┏━━

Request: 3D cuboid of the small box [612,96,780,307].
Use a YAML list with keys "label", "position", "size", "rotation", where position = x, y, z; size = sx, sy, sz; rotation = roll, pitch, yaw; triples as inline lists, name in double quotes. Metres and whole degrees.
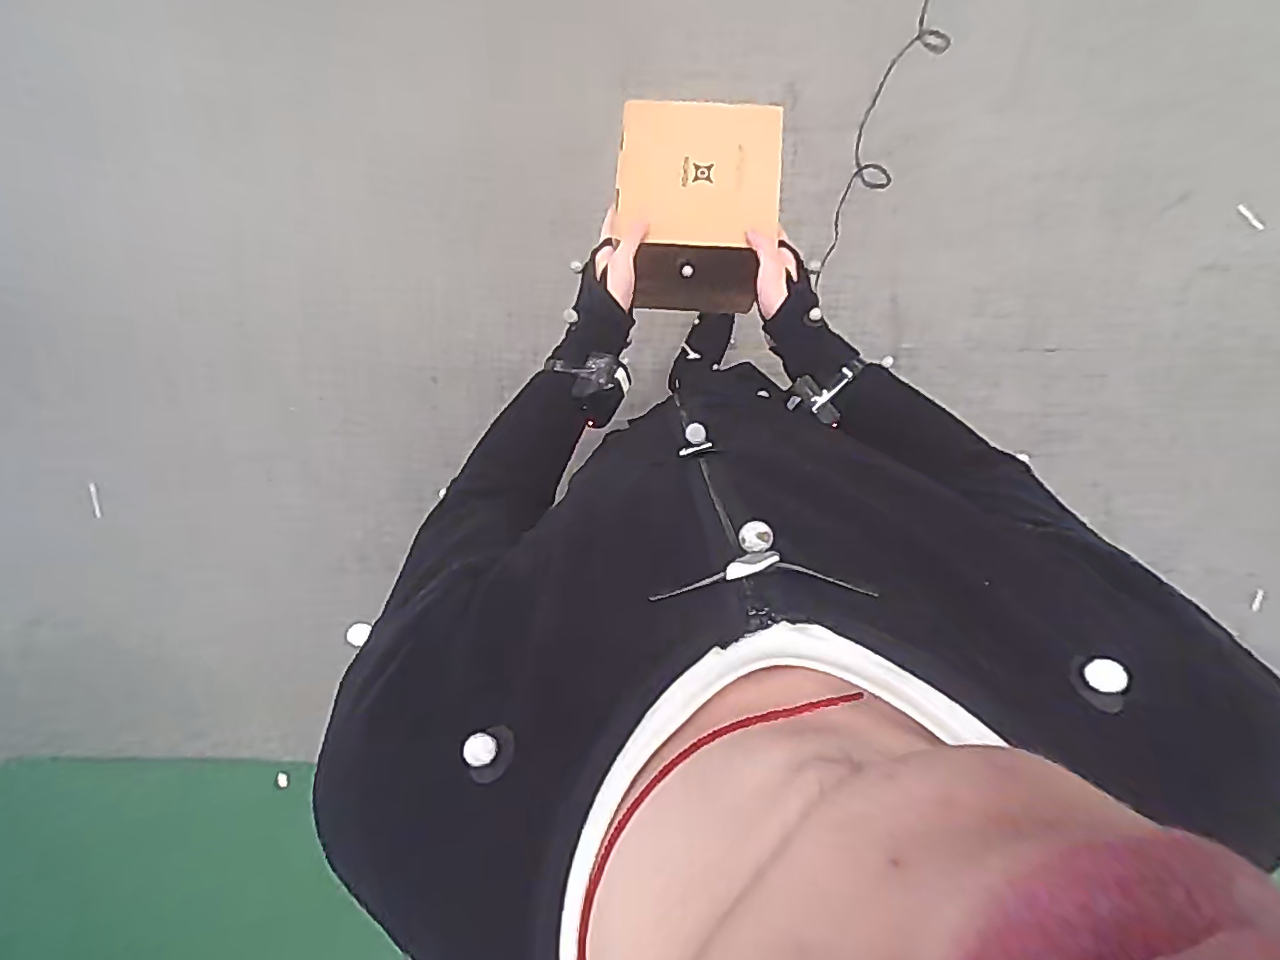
- label: "small box"
  position: [0.062, -0.325, 0.660]
  size: [0.179, 0.176, 0.168]
  rotation: [3, 84, 0]

┗━━

§ **The problem**
Without including any pictures, copy every line above exactly.

§ **Result of this exercise**
Request: 3D cuboid of the small box [612,96,780,307].
Use a YAML list with keys "label", "position", "size", "rotation", where position = x, y, z; size = sx, sy, sz; rotation = roll, pitch, yaw; triples as inline lists, name in double quotes. Metres and whole degrees.
- label: "small box"
  position: [0.062, -0.325, 0.660]
  size: [0.179, 0.176, 0.168]
  rotation: [3, 84, 0]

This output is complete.